Sementara ini yang harus dibenahi antara lain mengenai perlindungan dan pengetatan. Sedikitnya ada 9 instansi yang terkait dengan permasalahan TKI, mulai dari pengurusan paspor, urusan kesehatan dll. Jangan sampai ada lagi terulang duka yang menimpa Kikim maupun Sumiyati. Meskipun yang terlihat dan terekspos oleh media baru sedikit. Oleh karena itu masih banyak yang harus dilakukan.
Para TKI/TKW saat ini tengah berada dalam kekhawatiran, meskipun sebenarnya sudah dari dulu-dulu. Dikarenakan tidak adanya jaminan, khususnya keselamatan. Angan-angan ingin memperbaiki hidup di luar negeri, malah mengalami perilaku yang tak seharusnya.
Pernah terlontar dari pemimpin negeri kita tentang pemberian alat komunikasi bagi para TKI/TKW kita di luar negeri.

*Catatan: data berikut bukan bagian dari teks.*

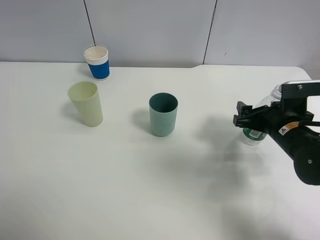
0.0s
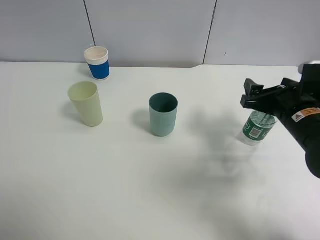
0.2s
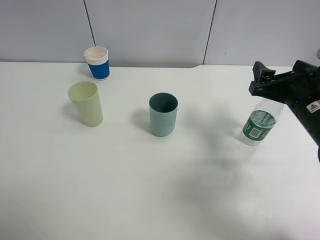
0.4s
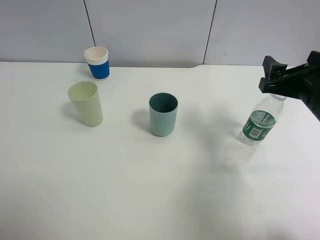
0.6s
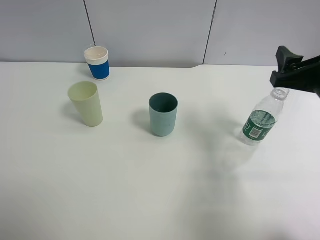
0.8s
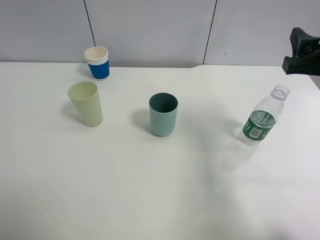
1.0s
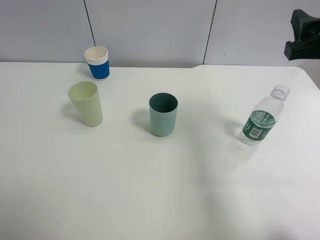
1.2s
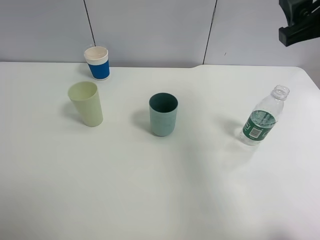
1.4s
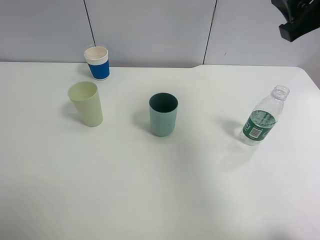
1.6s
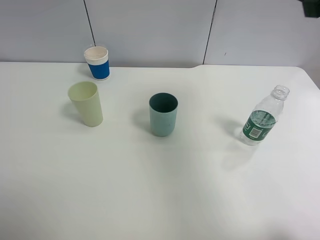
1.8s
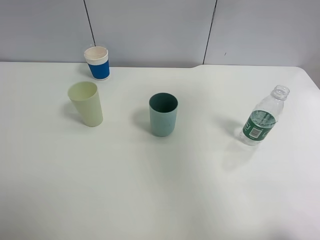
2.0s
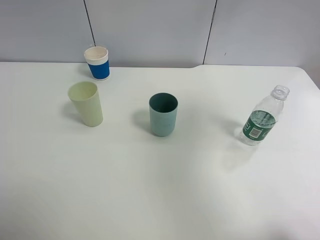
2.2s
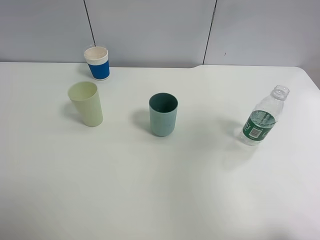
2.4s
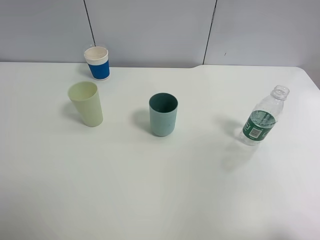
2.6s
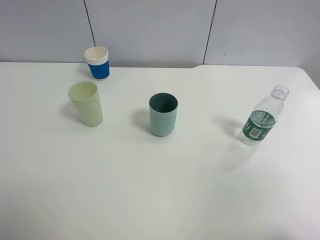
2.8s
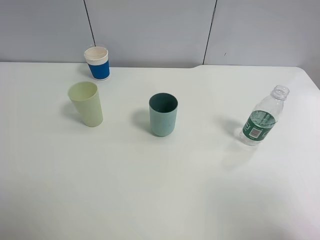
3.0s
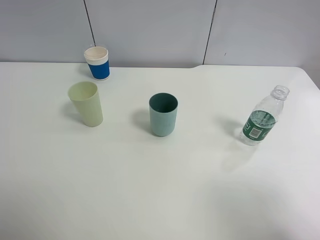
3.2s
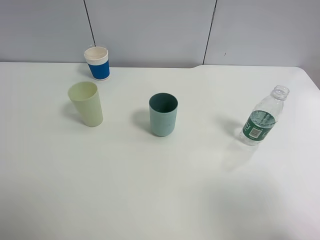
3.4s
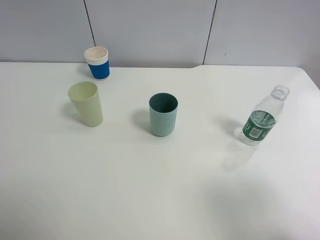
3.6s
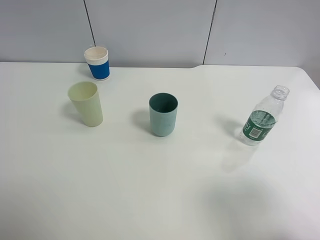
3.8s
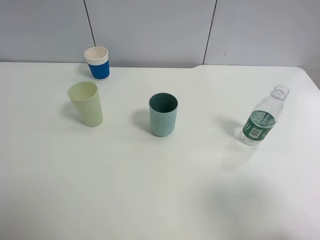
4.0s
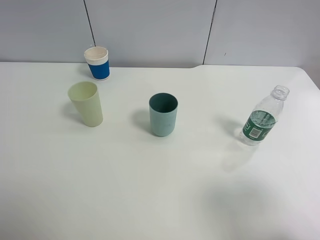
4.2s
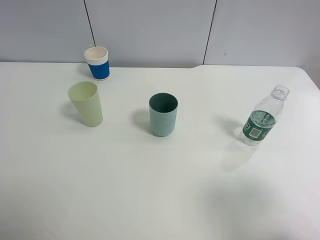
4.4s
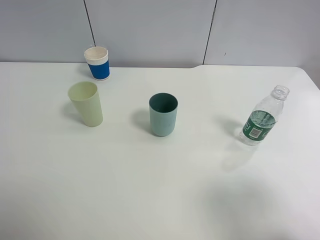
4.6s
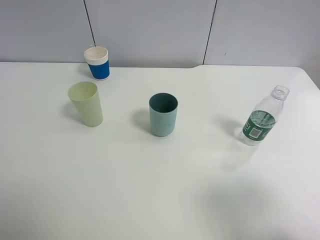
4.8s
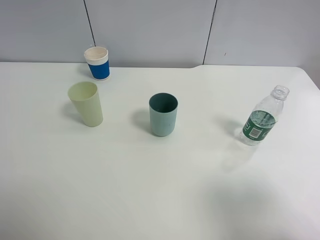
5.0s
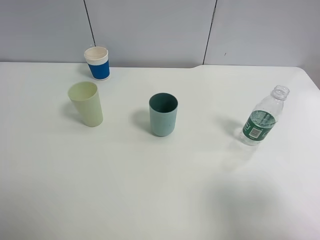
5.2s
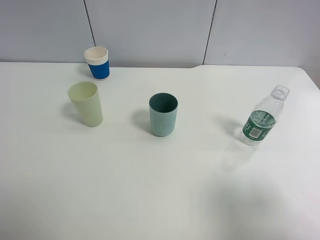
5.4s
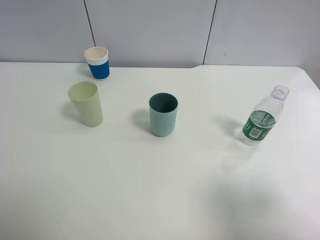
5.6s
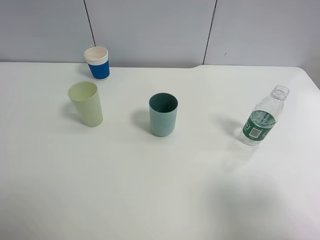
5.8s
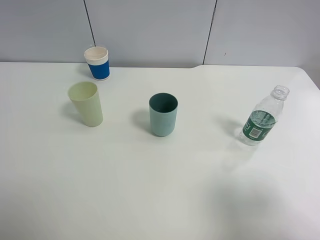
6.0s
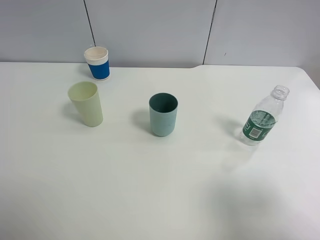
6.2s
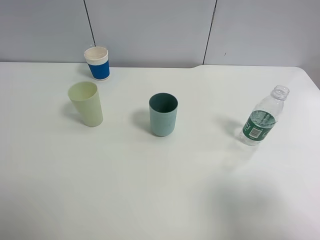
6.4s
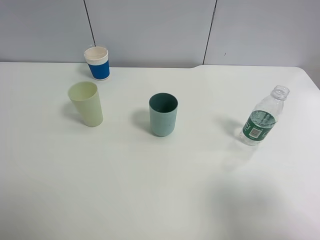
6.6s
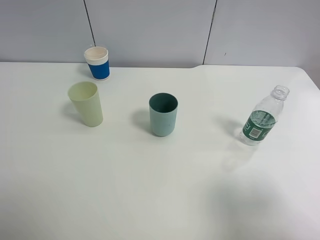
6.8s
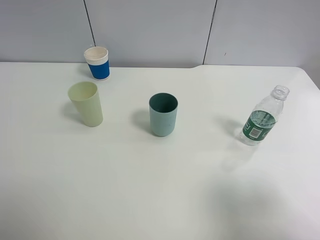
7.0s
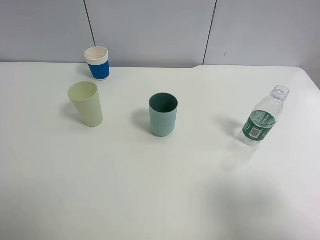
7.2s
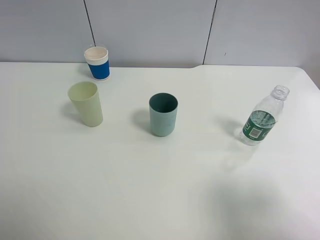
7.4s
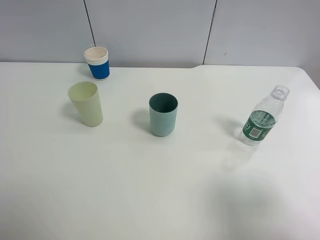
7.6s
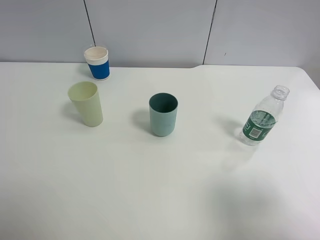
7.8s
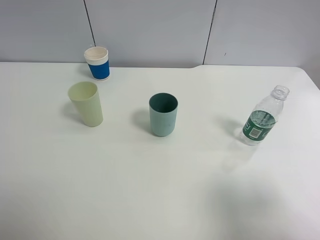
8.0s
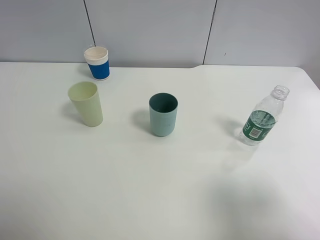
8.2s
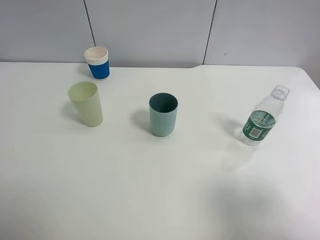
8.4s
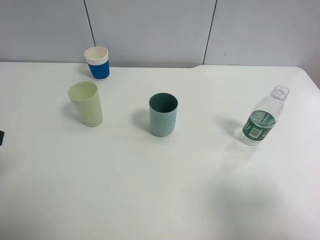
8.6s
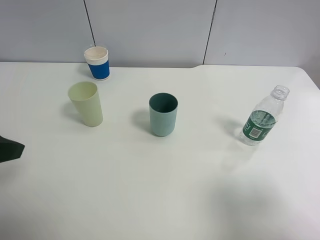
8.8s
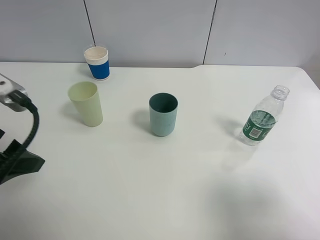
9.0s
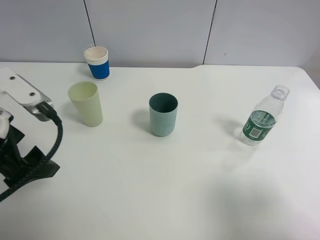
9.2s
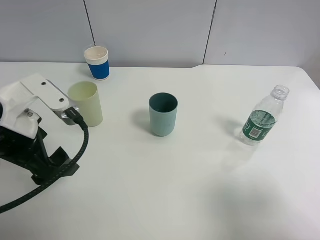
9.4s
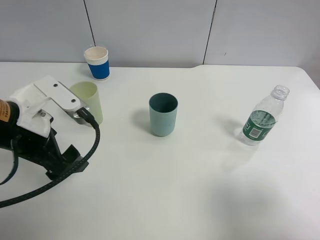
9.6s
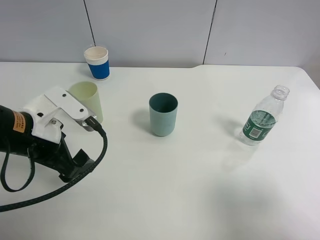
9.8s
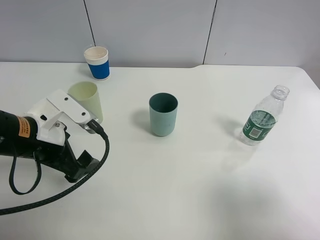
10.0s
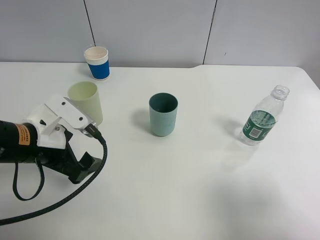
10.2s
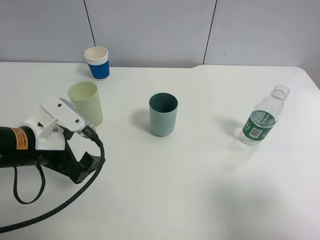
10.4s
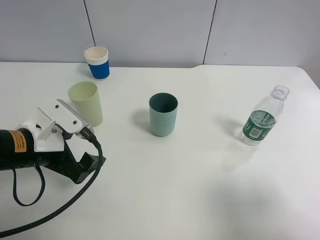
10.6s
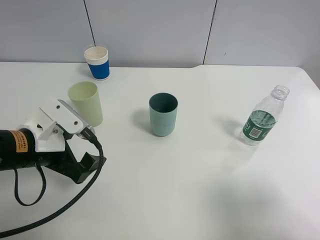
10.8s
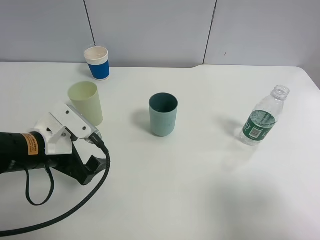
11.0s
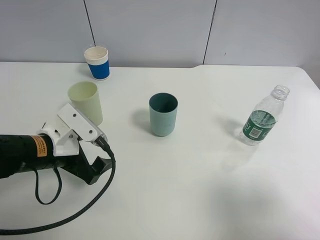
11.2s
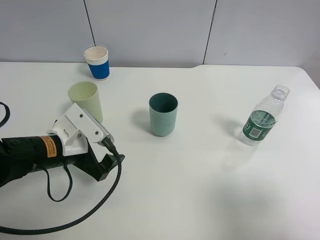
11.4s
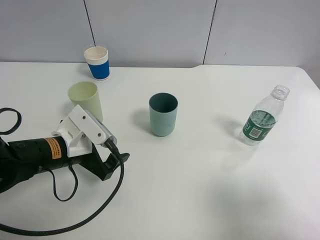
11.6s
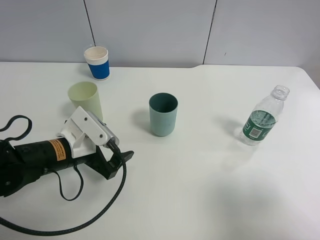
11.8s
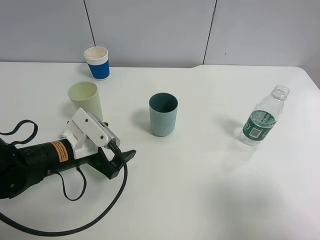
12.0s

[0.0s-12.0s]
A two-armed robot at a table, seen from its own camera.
Task of the whole recording: use a clamp to hold the bottle of the drink, pour the beverage into a random cup, then clamp the cup containing the drink and pour the drink into another random cup.
0.0s to 1.6s: The right gripper shifts some 25 cm upward.
1.6s to 3.0s: The right gripper shifts about 30 cm backward and to the right.
6.0s to 7.6s: Both grippers stay put.
7.6s to 9.0s: The left gripper is displaced forward and to the right by about 15 cm.
9.0s to 10.4s: The left gripper shifts some 10 cm downward.
10.4s to 12.0s: The left gripper moves downward, roughly 5 cm.

Tapi lihat dulu peraturan, kebanyakan mengenai penggunaan alat komunikasi itu tidak diperbolehkan. Dan pada akhirnya tawaran solusi itu tidak relevan. Karena alat komunikasi dirasa menggangu aktivitas pekerjaan.
Hal selanjutnya adalah, mengenai hari libur. Para TKI/TKW seharusnya di negara tempat mereka bekerja memberikan hari libur tersebut. Karena selama ini, para pekerja diharuskan bekerja full time. Termasuk yang bekerja sebagai pembantu rumah tangga.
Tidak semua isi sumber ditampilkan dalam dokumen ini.